What are the NSP cluster DR functions?

Description

The NSP disaster recovery (DR) function involves redundant NSP clusters in a warm standby configuration for fault tolerance in the event of a cluster failure. The following procedures describe how to control and manage NSP DR.

DR functions

The following NSP DR functions swap the primary and standby NSP cluster roles:

failover—automatic DR role change initiated by the standby NSP cluster when a primary cluster failure is suspected
switchover—manual DR operation that switches the NSP cluster roles

Failovers and switchovers

NSP DR failovers and switchovers are controlled by the ASM and role manager services, which run as the nspos-asm-app and nsp-role-manager pods in each DR NSP cluster. The standby role manager periodically checks the connectivity to the role manager in the primary NSP cluster.

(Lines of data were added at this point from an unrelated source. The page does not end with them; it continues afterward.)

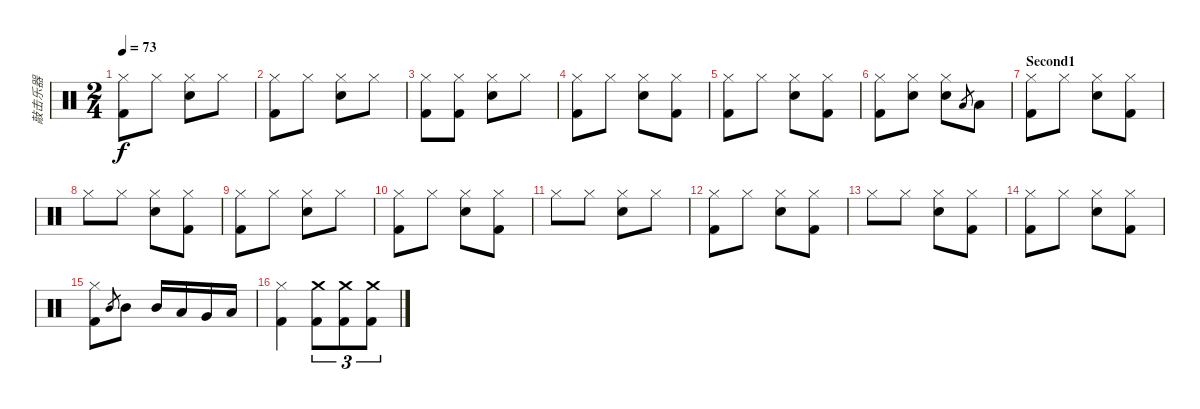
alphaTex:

\track ("敲击乐器" "敲击乐器") {instrument percussion}
\staff {score}
\articulation defaults
\ts (2 4)
\tempo 73
\clef neutral
\ks c
("Hi-Hat (closed)" "Kick (hit) 2").8{dy f} "Hi-Hat (closed)".8 ("Hi-Hat (closed)" "Electric Snare (hit)").8 "Hi-Hat (closed)".8 |
("Hi-Hat (closed)" "Kick (hit) 2").8 "Hi-Hat (closed)".8 ("Hi-Hat (closed)" "Electric Snare (hit)").8 "Hi-Hat (closed)".8 |
("Hi-Hat (closed)" "Kick (hit) 2").8 ("Hi-Hat (closed)" "Kick (hit) 2").8 ("Hi-Hat (closed)" "Electric Snare (hit)").8 "Hi-Hat (closed)".8 |
("Hi-Hat (closed)" "Kick (hit) 2").8 "Hi-Hat (closed)".8 ("Hi-Hat (closed)" "Electric Snare (hit)").8 ("Hi-Hat (closed)" "Kick (hit) 2").8 |
("Hi-Hat (closed)" "Kick (hit) 2").8 "Hi-Hat (closed)".8 ("Hi-Hat (closed)" "Electric Snare (hit)").8 ("Hi-Hat (closed)" "Kick (hit) 2").8 |
("Hi-Hat (closed)" "Kick (hit) 2").8 ("Hi-Hat (closed)" "Electric Snare (hit)").8 ("Hi-Hat (closed)" "Electric Snare (hit)").8 "Low Tom (hit)".8{gr} "Low Tom (hit)".8 |
\section ("" "Second1")
("Hi-Hat (closed)" "Kick (hit) 2").8 "Hi-Hat (closed)".8 ("Hi-Hat (closed)" "Electric Snare (hit)").8 ("Hi-Hat (closed)" "Kick (hit) 2").8 |
"Hi-Hat (closed)".8 "Hi-Hat (closed)".8 ("Hi-Hat (closed)" "Electric Snare (hit)").8 ("Hi-Hat (closed)" "Kick (hit) 2").8 |
("Hi-Hat (closed)" "Kick (hit) 2").8 "Hi-Hat (closed)".8 ("Hi-Hat (closed)" "Electric Snare (hit)").8 "Hi-Hat (closed)".8 |
("Hi-Hat (closed)" "Kick (hit) 2").8 "Hi-Hat (closed)".8 ("Hi-Hat (closed)" "Electric Snare (hit)").8 ("Hi-Hat (closed)" "Kick (hit) 2").8 |
"Hi-Hat (closed)".8 "Hi-Hat (closed)".8 ("Hi-Hat (closed)" "Electric Snare (hit)").8 "Hi-Hat (closed)".8 |
("Hi-Hat (closed)" "Kick (hit) 2").8 "Hi-Hat (closed)".8 ("Hi-Hat (closed)" "Electric Snare (hit)").8 ("Hi-Hat (closed)" "Kick (hit) 2").8 |
"Hi-Hat (closed)".8 "Hi-Hat (closed)".8 ("Hi-Hat (closed)" "Electric Snare (hit)").8 ("Hi-Hat (closed)" "Kick (hit) 2").8 |
("Hi-Hat (closed)" "Kick (hit) 2").8 "Hi-Hat (closed)".8 ("Hi-Hat (closed)" "Electric Snare (hit)").8 ("Hi-Hat (closed)" "Kick (hit) 2").8 |
("Hi-Hat (closed)" "Kick (hit) 2").8 "Mid Tom (hit)".8{gr} "Mid Tom (hit)".8 "Mid Tom (hit)".16 "Low Tom (hit)".16 "Very Low Tom (hit)".16 "Low Floor Tom (hit)".16 |
("Hi-Hat (closed)" "Kick (hit) 2").4 ("Crash medium (hit)" "Kick (hit) 2").8{tu (3 2)} ("Crash medium (hit)" "Kick (hit) 2").8{tu (3 2)} ("Crash medium (hit)" "Kick (hit) 2").8{tu (3 2)}

In addition, the role manager monitors essential primary pods and services such as the following:

ZooKeeper
Kafka
PostgreSQL
nspos-tomcat
nsp-tomcat
Keycloak
prometheus-server

If the role manager connectivity check fails for two minutes, or if an essential primary pod or service is down, the ASM triggers a failover to the standby cluster. The standby role manager and NSP cluster then assume the primary role. When the fault is resolved, the NSP automatically returns to normal operation with functional primary and standby clusters.

How do I identify the NSP cluster DR roles? describes how to display which role—primary or standby—is assigned to each NSP cluster. To restore the initial cluster roles after a failover, you perform a manual switchover, as described in How do I perform an NSP DR switchover?.

Note: After a failover or switchover, NSP functions restart processes that were interrupted. If downstream functions are not up yet, the restarted processes may fail. For example, if a network configuration deployment was auditing at the time of a failover, the audit will restart when Infrastructure Configuration Management is up. If Network Intents is not back up yet when the audit is restarted, the audit will fail. The process can be restarted manually when the NSP has stabilized.

Disabling and enabling failovers

NSP DR failovers are enabled by default in a DR NSP deployment. If required, you can disable failovers to prevent disruption during a period of maintenance activity, as described in How do I disable NSP DR failovers?

How do I display the NSP DR failover setting? describes how to identify whether failovers are enabled.

Note: The failover setting persists through an NSP software upgrade.

Note: For maximum fault tolerance, failovers must be disabled only during a maintenance period, and re-enabled after the maintenance period, as described in How do I enable NSP DR failovers?.

Standby cluster alarms

The NSP raises the following alarms for a standby NSP cluster:

PodDownAlarm
DiskSpaceBelowThresholdAlarm
NodeMemoryBelowThresholdAlarm
ServerMemoryBelowThresholdAlarm
BaseServiceDownAlarm (InstanceDown)
ClusterNodeDownAlarm

Before you take action to respond to an alarm, you must clearly identify the system raising the alarm and the node or pod at fault.

For better visibility in the standby cluster, the Source Type field of an alarm indicates the Site ID, Site Name, or Alarmed Object Name.

The Site ID has this format: dc-name:node-name
The Site Name has this format: dc-name:node-name
The Alarmed Object Name has this format: dc-name:node-name:pod-name

Where dc-name is the DR data center name

When the pod is pending, the node-name is N/A.

For example, the Source Type field of a ServerMemoryBelowThreshold alarm, the operator has to view the Site ID, Site Name, or Alarmed Object Name field to identify which pod is at fault.

If the Site ID is DR1:node1, node1 in the DR1 data center is at fault.
If the Site Name is DR1:dr1-node1, dr1-node1 in the DR1 data center is at fault.
If the Alarmed Object Name is DR1:dr1-node1:nspos-app1-tomcat-jmx-svc, the nspos-app1-tomcat-jmx-svc pod on dr1-node1 in the DR1 data center is at fault.